As you mentioned your friend used the whole data is actually really good. But we can also approach the model by selective data approach to avoid training time and cost efficacy.
Another question I wanted to ask why did you also only choose production data for your mode, what was the brain/thought behind that approach(again asking only to understand you choice)
Seeing whole dataset I can tell why you model was more inclined towards oil and gas as you chose only production data which would surely be reciprocal to what product is more found in the region of interest. So to have more accurate approach so your model is able to get the productivity of all 3 reservoir would be selective data filter from the whole dataset but having an understanding to make sure one can have as reduced training time as well as cost.
Please reply for the question I asked, so further it can be discussed.
Spatial data: Changes with different locations in space.
Temporal data: Changes with different points in time.
Spatiotemporal data: Changes with both different locations in space and different points in time.
In our oil industry, production data is the temporal data (dynamic data) and that is very easy to get it. This data mostly depends on our choices: well and surface settings we choose. However, the spatial data is the reservoir data (porosity, permeability, etc.) and we cannot calculate it directly, as the reservoir is thousands of feet beneath the earth and we cannot touch it, or see it. To get the approximate spatial data, we do numerical simulations using different software called Simulators.
The other data you asked about is the simulator’s data in which we are trying to get an accurate approximation of the spatial data. Dr. Amir Ansari, I mentioned earlier, didn’t use all the available data. He did extensive features extraction from all the available data for his Ph.D. dissertation and for commercial purposes (for industry).

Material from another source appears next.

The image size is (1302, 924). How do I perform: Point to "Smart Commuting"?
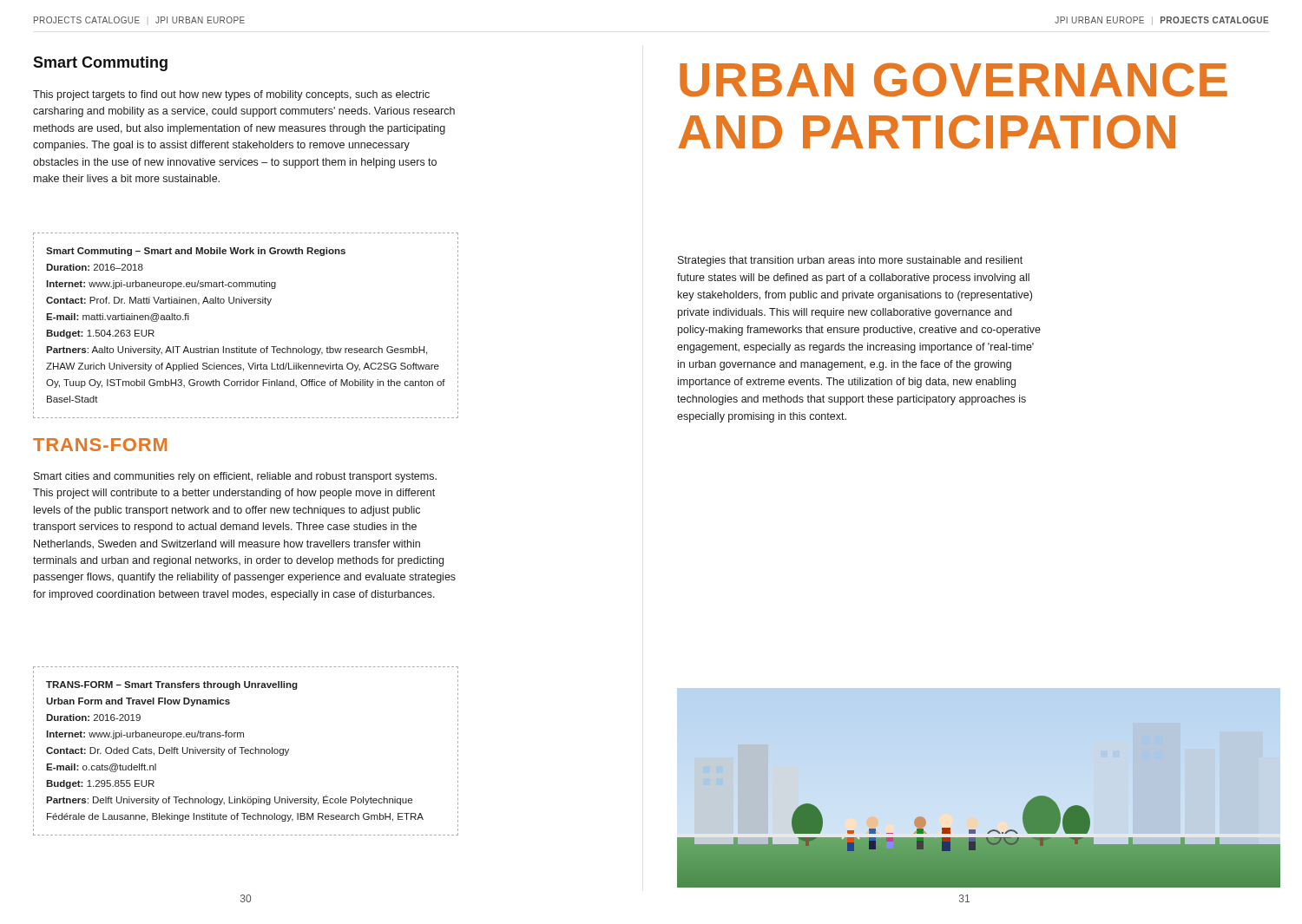coord(101,62)

What I wanted to know in the data you mentioned other than production data, What are the other columns (to have understandings what could be used for model prediction for oil, gas and water production)
I understood your point of view of choosing temporal data.
This is the reason I am asking details about your data.
I suspect that this problem is related to the data itself and not the LSTM model that you are building. Looking at the statistics you provided in the beginning, I think you should go back and plot the distribution of each column. Check for heavily skewed distributions and outliers and you might find your problem.